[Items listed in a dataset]
________________________________________

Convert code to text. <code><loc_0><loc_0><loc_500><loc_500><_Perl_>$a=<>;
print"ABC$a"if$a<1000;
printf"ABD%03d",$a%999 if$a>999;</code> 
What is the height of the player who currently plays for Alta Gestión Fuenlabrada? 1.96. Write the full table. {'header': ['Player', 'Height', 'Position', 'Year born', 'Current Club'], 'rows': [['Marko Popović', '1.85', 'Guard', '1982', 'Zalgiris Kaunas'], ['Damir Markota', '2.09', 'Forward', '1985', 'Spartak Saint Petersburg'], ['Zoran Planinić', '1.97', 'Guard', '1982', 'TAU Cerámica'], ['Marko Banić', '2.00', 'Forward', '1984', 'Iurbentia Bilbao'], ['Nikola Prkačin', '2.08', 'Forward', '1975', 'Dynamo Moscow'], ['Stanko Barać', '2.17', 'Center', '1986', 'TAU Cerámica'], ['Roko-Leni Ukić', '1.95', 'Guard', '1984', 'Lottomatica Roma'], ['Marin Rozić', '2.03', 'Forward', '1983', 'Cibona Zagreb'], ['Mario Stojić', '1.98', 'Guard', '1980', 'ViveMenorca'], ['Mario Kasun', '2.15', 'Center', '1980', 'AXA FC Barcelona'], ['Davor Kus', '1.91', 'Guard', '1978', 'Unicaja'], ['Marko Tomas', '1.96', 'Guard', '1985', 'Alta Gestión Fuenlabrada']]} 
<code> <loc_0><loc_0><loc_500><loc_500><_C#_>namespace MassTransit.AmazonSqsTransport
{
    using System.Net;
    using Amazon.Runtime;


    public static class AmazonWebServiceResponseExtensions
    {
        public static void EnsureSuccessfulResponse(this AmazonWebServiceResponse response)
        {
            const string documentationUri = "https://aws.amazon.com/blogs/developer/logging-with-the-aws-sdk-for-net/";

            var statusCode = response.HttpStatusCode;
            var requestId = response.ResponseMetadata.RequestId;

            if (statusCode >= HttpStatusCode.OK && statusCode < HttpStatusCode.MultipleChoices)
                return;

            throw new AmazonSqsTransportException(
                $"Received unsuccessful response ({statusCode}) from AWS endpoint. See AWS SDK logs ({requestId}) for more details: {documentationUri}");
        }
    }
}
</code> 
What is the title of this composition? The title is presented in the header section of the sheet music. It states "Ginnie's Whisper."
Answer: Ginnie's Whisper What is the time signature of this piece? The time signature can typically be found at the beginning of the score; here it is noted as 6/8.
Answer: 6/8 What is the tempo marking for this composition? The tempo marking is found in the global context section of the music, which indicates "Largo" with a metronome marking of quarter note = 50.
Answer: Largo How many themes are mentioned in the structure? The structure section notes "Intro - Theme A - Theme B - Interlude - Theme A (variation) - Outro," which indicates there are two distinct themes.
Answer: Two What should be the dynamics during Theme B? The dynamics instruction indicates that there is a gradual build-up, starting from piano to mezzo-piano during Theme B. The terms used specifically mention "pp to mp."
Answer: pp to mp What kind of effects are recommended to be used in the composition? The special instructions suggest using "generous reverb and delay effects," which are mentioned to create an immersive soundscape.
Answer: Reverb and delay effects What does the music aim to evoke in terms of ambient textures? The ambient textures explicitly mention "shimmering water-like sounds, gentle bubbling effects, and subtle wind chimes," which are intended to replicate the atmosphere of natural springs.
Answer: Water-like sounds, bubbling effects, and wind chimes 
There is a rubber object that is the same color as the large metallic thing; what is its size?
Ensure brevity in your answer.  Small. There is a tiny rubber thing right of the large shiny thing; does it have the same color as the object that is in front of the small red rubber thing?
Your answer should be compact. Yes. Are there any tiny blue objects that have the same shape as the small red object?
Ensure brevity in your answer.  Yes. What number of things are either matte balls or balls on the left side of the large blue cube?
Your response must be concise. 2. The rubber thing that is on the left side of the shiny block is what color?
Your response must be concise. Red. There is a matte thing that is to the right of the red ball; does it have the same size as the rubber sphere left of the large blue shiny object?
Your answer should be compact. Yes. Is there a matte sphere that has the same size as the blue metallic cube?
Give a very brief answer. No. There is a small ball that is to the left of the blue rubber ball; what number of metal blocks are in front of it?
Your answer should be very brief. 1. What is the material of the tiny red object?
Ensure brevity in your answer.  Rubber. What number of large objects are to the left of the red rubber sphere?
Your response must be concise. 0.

________________________________________

*Requirement*: Restate each of the entries above verbatim.

*Solved exercise*:
Convert code to text. <code><loc_0><loc_0><loc_500><loc_500><_Perl_>$a=<>;
print"ABC$a"if$a<1000;
printf"ABD%03d",$a%999 if$a>999;</code> 
What is the height of the player who currently plays for Alta Gestión Fuenlabrada? 1.96. Write the full table. {'header': ['Player', 'Height', 'Position', 'Year born', 'Current Club'], 'rows': [['Marko Popović', '1.85', 'Guard', '1982', 'Zalgiris Kaunas'], ['Damir Markota', '2.09', 'Forward', '1985', 'Spartak Saint Petersburg'], ['Zoran Planinić', '1.97', 'Guard', '1982', 'TAU Cerámica'], ['Marko Banić', '2.00', 'Forward', '1984', 'Iurbentia Bilbao'], ['Nikola Prkačin', '2.08', 'Forward', '1975', 'Dynamo Moscow'], ['Stanko Barać', '2.17', 'Center', '1986', 'TAU Cerámica'], ['Roko-Leni Ukić', '1.95', 'Guard', '1984', 'Lottomatica Roma'], ['Marin Rozić', '2.03', 'Forward', '1983', 'Cibona Zagreb'], ['Mario Stojić', '1.98', 'Guard', '1980', 'ViveMenorca'], ['Mario Kasun', '2.15', 'Center', '1980', 'AXA FC Barcelona'], ['Davor Kus', '1.91', 'Guard', '1978', 'Unicaja'], ['Marko Tomas', '1.96', 'Guard', '1985', 'Alta Gestión Fuenlabrada']]} 
<code> <loc_0><loc_0><loc_500><loc_500><_C#_>namespace MassTransit.AmazonSqsTransport
{
    using System.Net;
    using Amazon.Runtime;


    public static class AmazonWebServiceResponseExtensions
    {
        public static void EnsureSuccessfulResponse(this AmazonWebServiceResponse response)
        {
            const string documentationUri = "https://aws.amazon.com/blogs/developer/logging-with-the-aws-sdk-for-net/";

            var statusCode = response.HttpStatusCode;
            var requestId = response.ResponseMetadata.RequestId;

            if (statusCode >= HttpStatusCode.OK && statusCode < HttpStatusCode.MultipleChoices)
                return;

            throw new AmazonSqsTransportException(
                $"Received unsuccessful response ({statusCode}) from AWS endpoint. See AWS SDK logs ({requestId}) for more details: {documentationUri}");
        }
    }
}
</code> 
What is the title of this composition? The title is presented in the header section of the sheet music. It states "Ginnie's Whisper."
Answer: Ginnie's Whisper What is the time signature of this piece? The time signature can typically be found at the beginning of the score; here it is noted as 6/8.
Answer: 6/8 What is the tempo marking for this composition? The tempo marking is found in the global context section of the music, which indicates "Largo" with a metronome marking of quarter note = 50.
Answer: Largo How many themes are mentioned in the structure? The structure section notes "Intro - Theme A - Theme B - Interlude - Theme A (variation) - Outro," which indicates there are two distinct themes.
Answer: Two What should be the dynamics during Theme B? The dynamics instruction indicates that there is a gradual build-up, starting from piano to mezzo-piano during Theme B. The terms used specifically mention "pp to mp."
Answer: pp to mp What kind of effects are recommended to be used in the composition? The special instructions suggest using "generous reverb and delay effects," which are mentioned to create an immersive soundscape.
Answer: Reverb and delay effects What does the music aim to evoke in terms of ambient textures? The ambient textures explicitly mention "shimmering water-like sounds, gentle bubbling effects, and subtle wind chimes," which are intended to replicate the atmosphere of natural springs.
Answer: Water-like sounds, bubbling effects, and wind chimes 
There is a rubber object that is the same color as the large metallic thing; what is its size?
Ensure brevity in your answer.  Small. There is a tiny rubber thing right of the large shiny thing; does it have the same color as the object that is in front of the small red rubber thing?
Your answer should be compact. Yes. Are there any tiny blue objects that have the same shape as the small red object?
Ensure brevity in your answer.  Yes. What number of things are either matte balls or balls on the left side of the large blue cube?
Your response must be concise. 2. The rubber thing that is on the left side of the shiny block is what color?
Your response must be concise. Red. There is a matte thing that is to the right of the red ball; does it have the same size as the rubber sphere left of the large blue shiny object?
Your answer should be compact. Yes. Is there a matte sphere that has the same size as the blue metallic cube?
Give a very brief answer. No. There is a small ball that is to the left of the blue rubber ball; what number of metal blocks are in front of it?
Your answer should be very brief. 1. What is the material of the tiny red object?
Ensure brevity in your answer.  Rubber. What number of large objects are to the left of the red rubber sphere?
Your response must be concise. 0.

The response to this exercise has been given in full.